▸ **Goal of the exercise**
Among the records below, find the line that has "13. building [1335, 112, 1346, 506]"; from there, give the lines again exactly, and stop after the line that has "41. advertising display [221, 448, 265, 585]".

▸ **Entries supplied**
════

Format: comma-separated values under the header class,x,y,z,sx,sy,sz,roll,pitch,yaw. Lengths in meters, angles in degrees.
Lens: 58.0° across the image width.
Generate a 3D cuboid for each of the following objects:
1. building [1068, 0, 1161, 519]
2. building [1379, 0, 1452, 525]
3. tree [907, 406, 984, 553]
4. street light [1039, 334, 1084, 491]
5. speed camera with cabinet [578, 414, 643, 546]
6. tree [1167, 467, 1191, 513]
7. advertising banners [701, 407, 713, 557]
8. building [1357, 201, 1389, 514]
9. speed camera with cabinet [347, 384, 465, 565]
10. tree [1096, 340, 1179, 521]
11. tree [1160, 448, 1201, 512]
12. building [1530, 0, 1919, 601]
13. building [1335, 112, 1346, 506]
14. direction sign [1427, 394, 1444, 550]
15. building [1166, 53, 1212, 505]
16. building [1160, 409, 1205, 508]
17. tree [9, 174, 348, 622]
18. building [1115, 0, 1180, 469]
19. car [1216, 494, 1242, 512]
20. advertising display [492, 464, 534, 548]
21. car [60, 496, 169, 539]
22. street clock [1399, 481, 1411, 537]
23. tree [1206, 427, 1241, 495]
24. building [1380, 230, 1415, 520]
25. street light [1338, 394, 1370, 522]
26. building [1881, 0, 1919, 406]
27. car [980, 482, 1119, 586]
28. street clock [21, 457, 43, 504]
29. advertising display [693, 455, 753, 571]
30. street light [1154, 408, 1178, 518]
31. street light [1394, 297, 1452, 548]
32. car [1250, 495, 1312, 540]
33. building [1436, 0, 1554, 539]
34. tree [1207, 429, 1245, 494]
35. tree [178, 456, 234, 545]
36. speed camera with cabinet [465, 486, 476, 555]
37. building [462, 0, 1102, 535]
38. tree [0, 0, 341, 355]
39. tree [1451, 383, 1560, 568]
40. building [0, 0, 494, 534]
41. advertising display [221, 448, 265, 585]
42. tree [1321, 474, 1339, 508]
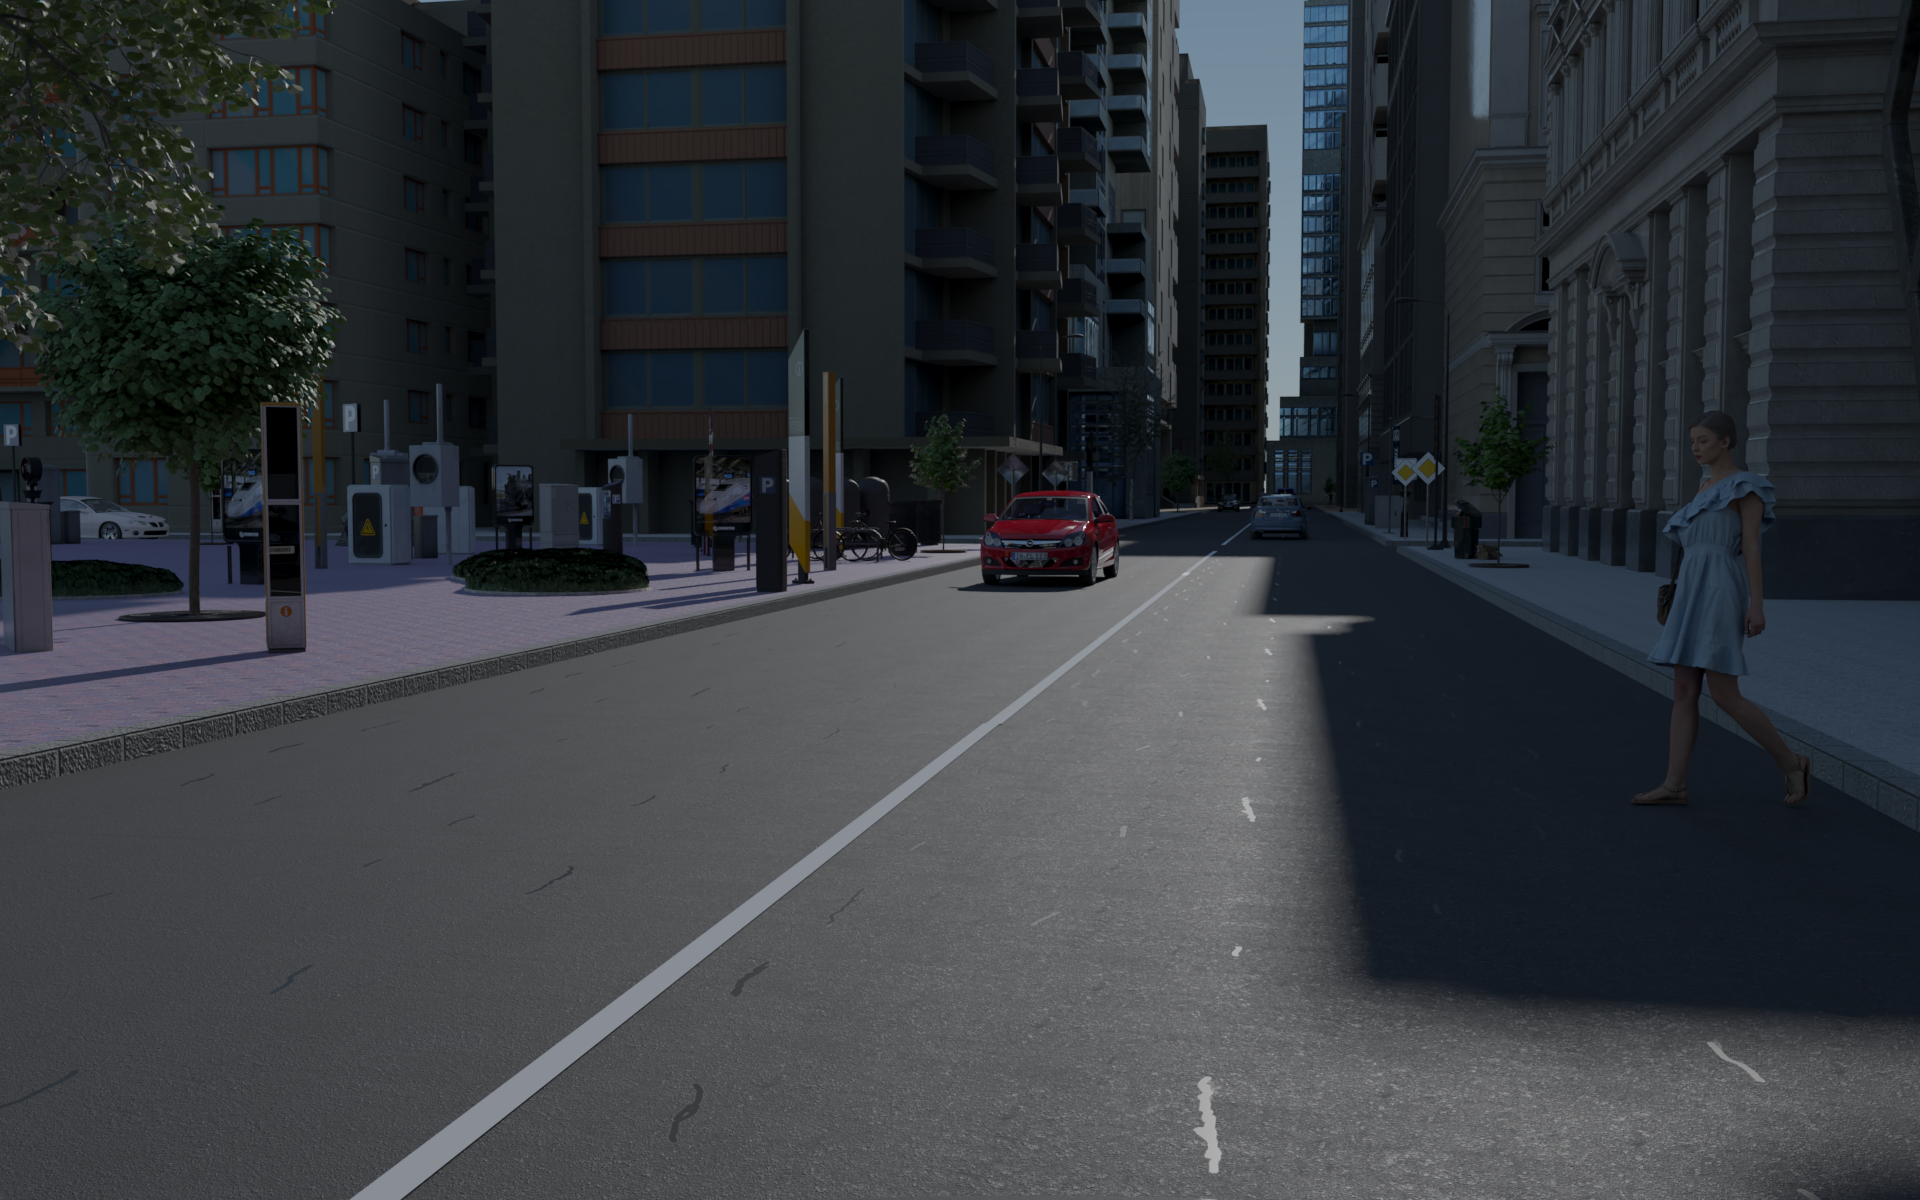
class,x,y,z,sx,sy,sz,roll,pitch,yaw
building,1.314,-48.313,102.584,22.319,86.520,31.000,1,4,11
building,25.577,-17.058,72.399,14.314,27.812,24.014,1,4,11
tree,-0.245,-2.651,37.951,1.663,3.219,1.824,0,3,0
street light,2.896,-4.769,50.514,1.470,5.913,1.316,1,4,11
speed camera with cabinet,-8.805,-2.988,43.190,2.038,3.252,0.660,3,4,38
tree,15.350,-7.692,120.362,1.663,3.219,1.824,0,3,0
advertising banners,-5.248,-2.429,35.903,0.090,3.025,2.074,-1,4,-14
building,31.102,-16.115,112.630,9.793,20.994,18.267,1,4,11
speed camera with cabinet,-10.057,-2.257,31.238,2.038,3.252,0.660,1,4,20
tree,8.391,-8.152,83.650,4.360,8.622,3.978,0,3,0
tree,15.438,-8.543,123.385,4.285,4.588,4.351,0,3,0
building,16.163,-12.213,28.562,11.050,23.489,19.941,1,4,11
building,48.039,-30.821,187.509,14.154,41.232,14.086,1,4,11
direction sign,10.932,-2.919,39.723,0.379,3.537,0.876,1,4,22
building,15.746,-34.639,190.048,21.600,48.544,21.300,1,4,11
building,7.073,-29.018,166.318,32.217,40.220,23.993,1,4,11
tree,-7.977,-2.085,17.801,4.285,4.588,4.351,0,3,0
building,3.536,-33.706,140.335,28.713,52.752,27.495,1,4,11
car,21.539,-7.884,138.688,2.009,1.686,4.222,1,4,10
advertising display,-9.796,-2.004,37.986,0.123,1.923,0.974,3,5,44
car,-25.853,-2.380,51.274,4.827,1.381,2.083,1,4,11
street clock,13.207,-2.867,51.443,0.358,2.002,0.471,0,4,-8
tree,28.948,-14.723,191.075,4.737,8.622,4.395,0,3,0
building,28.657,-14.034,94.076,10.561,19.102,19.286,1,4,11
street light,18.327,-6.577,80.068,1.470,5.913,1.316,1,4,11
building,15.385,-8.730,10.184,16.820,18.784,16.811,1,4,11
car,1.537,-1.197,28.609,2.155,1.783,4.494,1,4,12
street clock,-18.203,-1.800,34.006,0.471,2.002,0.358,3,5,40
advertising display,-3.950,-1.447,28.874,0.974,1.923,0.123,-1,4,-17
street light,11.046,-7.399,93.518,1.470,5.913,1.316,1,4,11
street light,10.955,-4.186,40.978,1.470,5.913,1.316,1,4,11
car,10.343,-2.688,55.949,2.014,1.417,4.499,1,4,12
building,25.421,-16.323,52.783,20.117,28.700,13.634,1,4,11
tree,30.289,-15.117,197.516,4.360,8.622,3.978,0,3,0
tree,-18.879,-3.016,43.906,1.663,3.219,1.824,0,3,0
speed camera with cabinet,-11.384,-2.593,36.730,2.038,3.252,0.660,0,4,-6
building,-6.347,-25.208,66.771,22.147,44.769,28.867,1,4,11
tree,-7.170,-5.550,8.862,7.486,12.596,7.792,0,3,0
tree,9.367,-2.192,30.436,1.663,3.219,1.824,0,3,0
building,-32.161,-13.869,71.791,28.899,21.520,27.650,1,4,11
advertising display,-10.047,-1.182,24.532,0.974,1.923,0.123,2,4,24
tree,34.681,-10.304,163.079,1.663,3.219,1.824,0,3,0

════

▸ **The answer**
13. building [1335, 112, 1346, 506]
14. direction sign [1427, 394, 1444, 550]
15. building [1166, 53, 1212, 505]
16. building [1160, 409, 1205, 508]
17. tree [9, 174, 348, 622]
18. building [1115, 0, 1180, 469]
19. car [1216, 494, 1242, 512]
20. advertising display [492, 464, 534, 548]
21. car [60, 496, 169, 539]
22. street clock [1399, 481, 1411, 537]
23. tree [1206, 427, 1241, 495]
24. building [1380, 230, 1415, 520]
25. street light [1338, 394, 1370, 522]
26. building [1881, 0, 1919, 406]
27. car [980, 482, 1119, 586]
28. street clock [21, 457, 43, 504]
29. advertising display [693, 455, 753, 571]
30. street light [1154, 408, 1178, 518]
31. street light [1394, 297, 1452, 548]
32. car [1250, 495, 1312, 540]
33. building [1436, 0, 1554, 539]
34. tree [1207, 429, 1245, 494]
35. tree [178, 456, 234, 545]
36. speed camera with cabinet [465, 486, 476, 555]
37. building [462, 0, 1102, 535]
38. tree [0, 0, 341, 355]
39. tree [1451, 383, 1560, 568]
40. building [0, 0, 494, 534]
41. advertising display [221, 448, 265, 585]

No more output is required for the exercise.